Comparison of cellular signalling responding to typical experimental vs in vivo stimulation with IFN-α.
Intracellular signalling was modelled in response to a constant dose of 500U (as typically used in vitro) in comparison to the calculated PBPK profile resulting from a typical dose of 36U. Fold difference is plotted of A) Activated receptor complex and B) IRF9 mRNAc simulation (solid lines) concentration time profile for the top ten models. C) The calculated fold difference Cmax achieved for activated receptor complex (Act Rec) (bars for each model respectively) and D) fold difference in the Cmax of IRF9 mRNAc.
Fig 10.
Parameter scan for the initial concentration of IFNA Receptor2.

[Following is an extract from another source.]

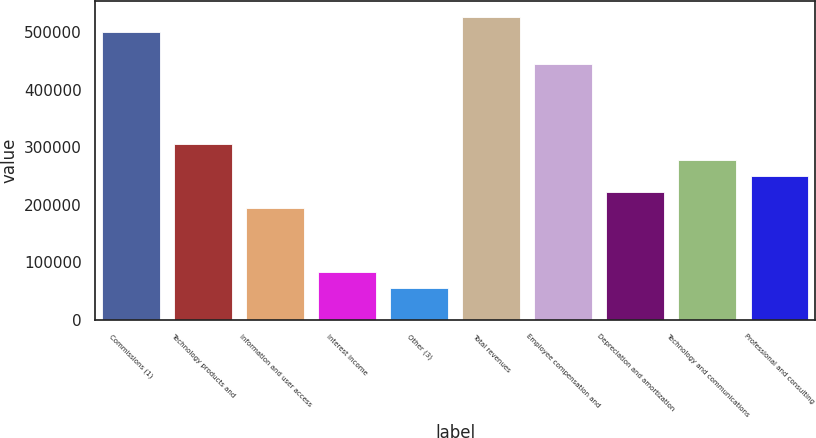Convert chart. <chart><loc_0><loc_0><loc_500><loc_500><bar_chart><fcel>Commissions (1)<fcel>Technology products and<fcel>Information and user access<fcel>Interest income<fcel>Other (3)<fcel>Total revenues<fcel>Employee compensation and<fcel>Depreciation and amortization<fcel>Technology and communications<fcel>Professional and consulting<nl><fcel>499114<fcel>305015<fcel>194100<fcel>83186.1<fcel>55457.5<fcel>526843<fcel>443657<fcel>221829<fcel>277286<fcel>249557<nl></chart>

PBPK/PD simulation (lines) of concentration time profile for A) IFN-α in venous blood plasma and the experimental blood plasma profile (solid circles) of IFN-α in humans. B) IRF9 mRNAc response to different initial concentrations of IFN-α Receptor2 that are 0.0005, 0.002, 0.003, 0.0015 and 0.001 μmol/l. The reference concentration in the initial simulation (dashed black line) for Receptor2 was 0.5 μmol/l.